These exercises require you to generate plots of various kinds. Images of the plots that you should obtain are also shown.

Part I – geoms and aesthetics

These first few exercises will run through some of the simple principles of creating a ggplot2 object, assigning aesthetics mappings and geoms.

  1. Read in the cleaned patients dataset, patient-data-cleaned.txt, into a new object called patients.

Scatterplots

  1. Generate a scatterplot of BMI versus Weight using the patient dataset and add a colour scale based on the Height variable.

  1. Using an additional geom, add an extra layer of a fit line to the previous plot.

  1. Does the fit in the previous plot look good? Look at the help page for geom_smooth and adjust the method to fit a straight line without standard error bounds.

Boxplots and Violin plots

  1. Generate a boxplot of Score values comparing smokers and non-smokers.

  1. Split the previous boxplot into male and female groups with different colours.

  1. Produce a similar boxplot of Scores but this time group data by Sex and colour the interior of the box (not the outline) by Age. Change this plot to a violin plot.

Note: Having loaded the data using read_tsv, the Age column has been set to dbl (short for double, a numeric vector type) as it only contains numbers. This makes it a continuous variable. In order to split the boxplot by age and colour each one according to Age, it is necessary to change age to be a categorical variable. We can do this by changing the Age column into a different vector type: a factor.

Histogram and Density plots

  1. Generate a histogram of BMIs with each bar coloured blue, choosing a suitable bin width.

  1. Instead of a histogram, generate a density plot of BMI

  1. Generate density plots of BMIs coloured by Sex.

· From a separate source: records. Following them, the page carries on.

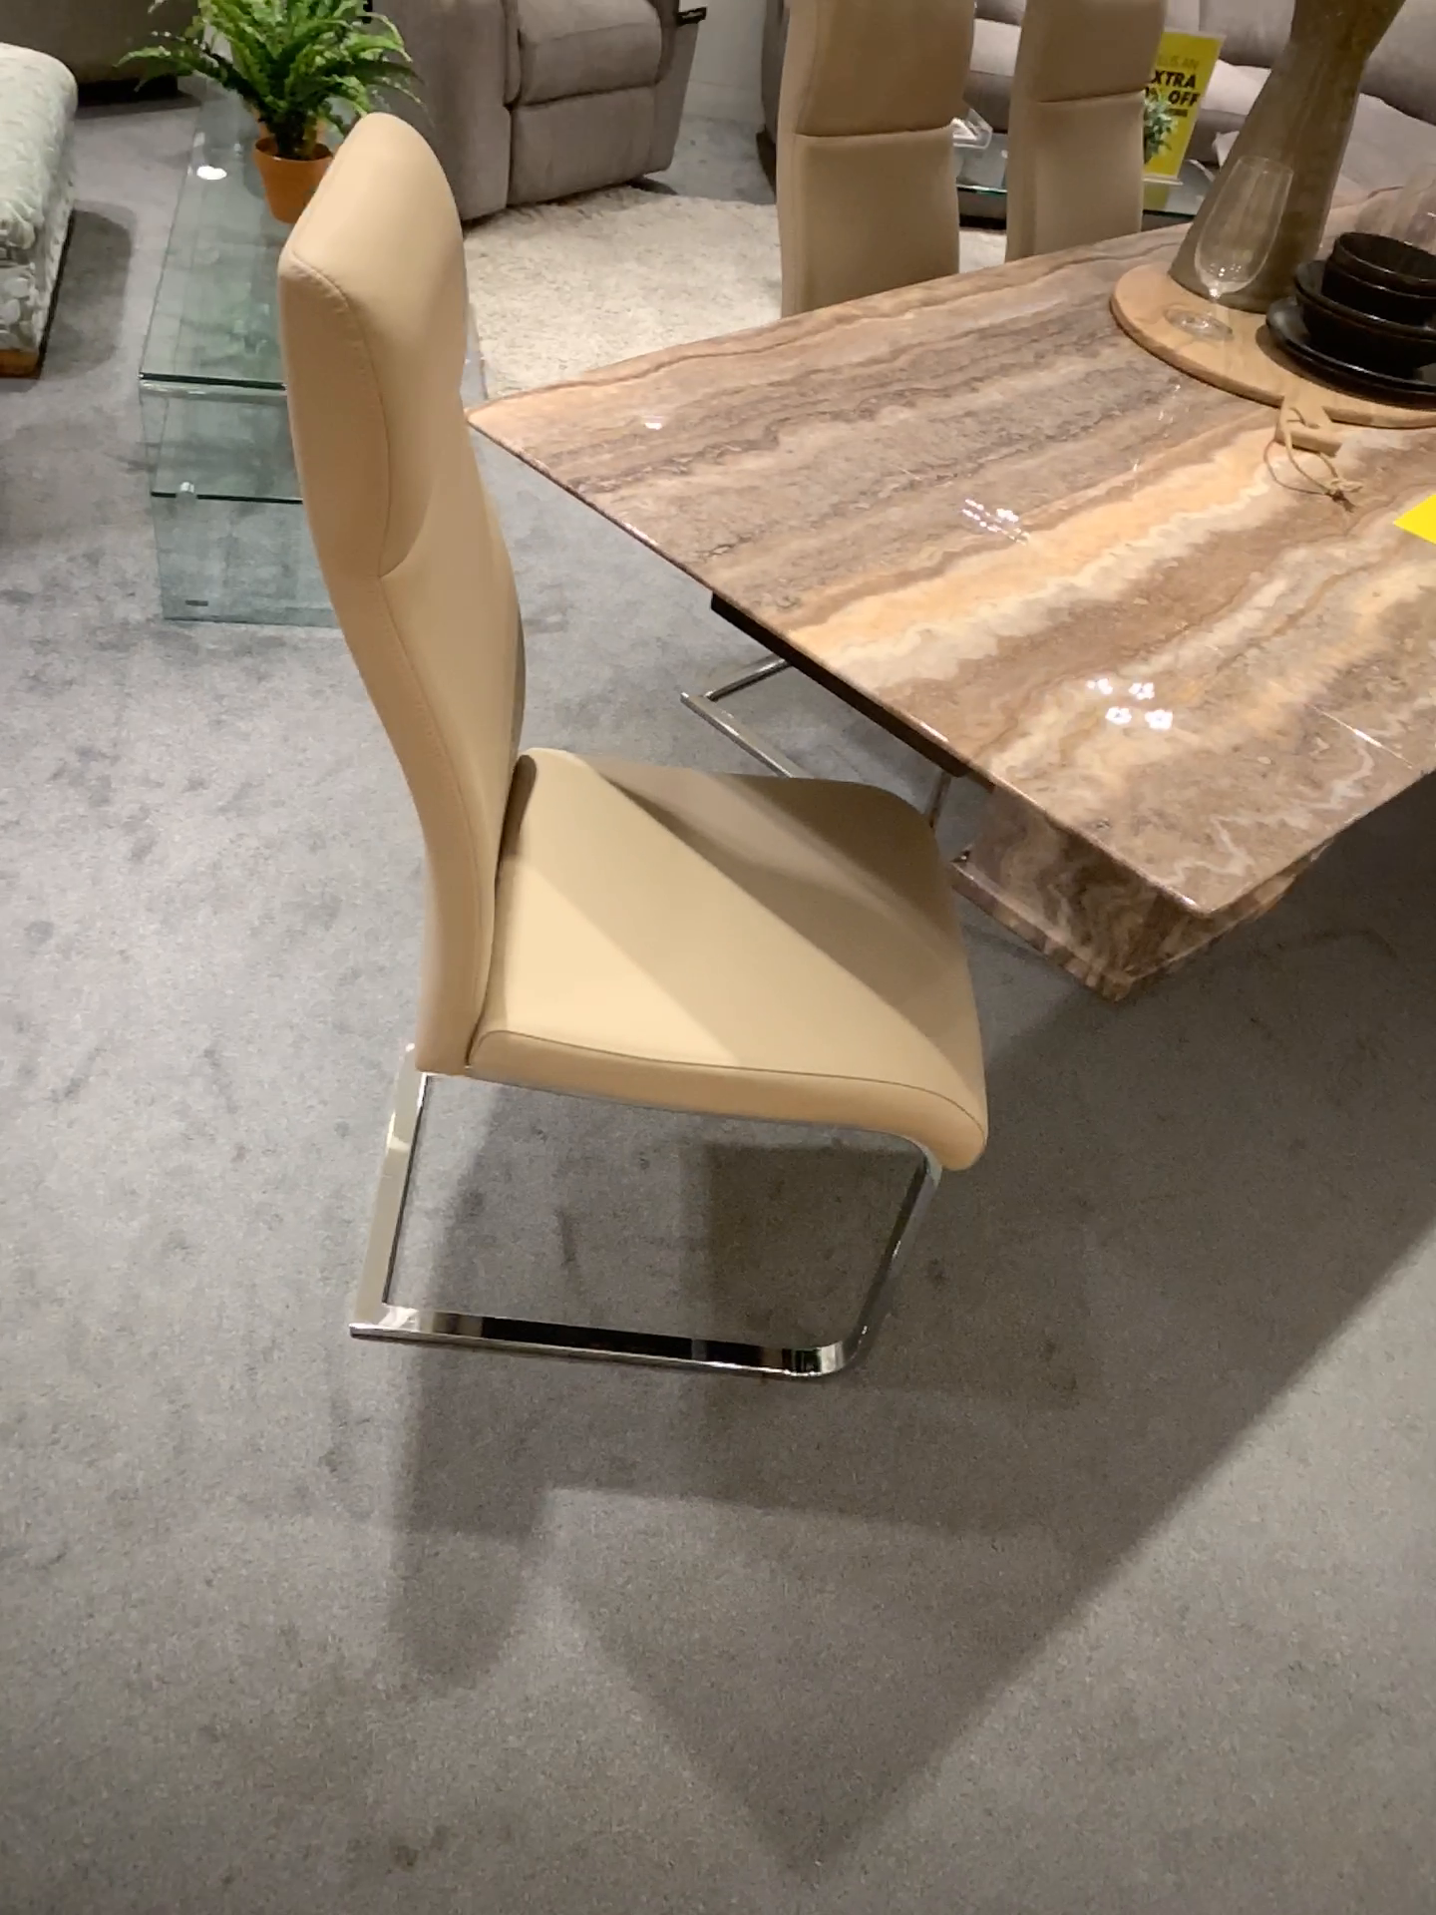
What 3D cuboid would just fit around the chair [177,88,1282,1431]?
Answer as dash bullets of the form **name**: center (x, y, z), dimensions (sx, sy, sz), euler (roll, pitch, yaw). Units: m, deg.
- **chair**: center (-0.063, -0.083, 1.242), dimensions (0.569, 0.974, 0.478), euler (6, 43, -7)
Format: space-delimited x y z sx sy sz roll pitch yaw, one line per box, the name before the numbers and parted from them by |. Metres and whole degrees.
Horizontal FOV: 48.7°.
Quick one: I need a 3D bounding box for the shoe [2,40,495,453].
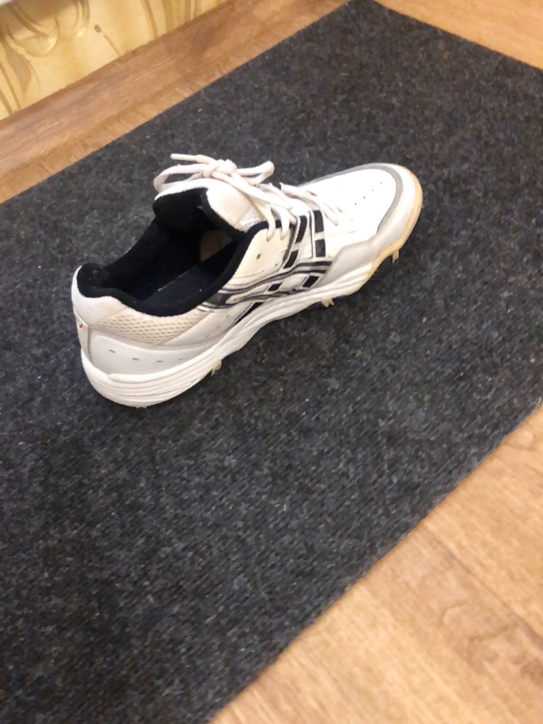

Hint: alpha can be used to control transparency.

Part II - facets

In this next part you will create plots with faceting. First check that the cleaned patients dataset has been read in and is available as a data frame in your current session. If you haven’t done so, convert the Age variable to a factor.

  1. Using the patient dataset generate a scatterplot of BMI versus Weight, add a colour scale to the scatterplot based on the Height variable, and split the plot into a grid of plots separated by Smoking status and Sex.

  1. Generate a boxplot of BMIs comparing smokers and non-smokers, colour boxplot by Sex, and include a separate facet for people of different age.

  1. Produce a similar boxplot of BMIs but this time group data by Sex, colour by Age and facet by Smoking status.

Part III – scales and themes

In these exercises we look at adjusting the scales and themes of our plots.

Check that the cleaned patients dataset has been read in and is available as a data frame in your current session. Check also that the Age variable is a factor.

Scales

  1. Generate a scatterplot of BMI versus Weight from the patients dataset.

  1. Starting from the previous plot, adjust the BMI axis to show only labels for 20, 30, 40 and the weight axis to show breaks for 60 to 100 in steps of 5, adding the units (kilograms) to the axis label.

  1. Create a violin plot of BMI by Age where violins are filled using a sequential colour palette.

  1. Create a scatterplot of BMI versus Weight and add a continuous colour scale for the height. Make the colour scale with a midpoint (set to mean point) colour of grey and extremes of green (low) and red (high).

Themes

  1. Recreate the scatterplot of BMI by weight this time colouring by age group and add a straight line fit (but no standard error/confidence intervals) for each age group.

  1. Remove the legend title from the previous plot, change the background colours of legend keys to white and place the legend at the bottom of the plot.

  1. Add a title to the plot and remove the minor grid lines. Save the plot to a 7 by 7 inch image file.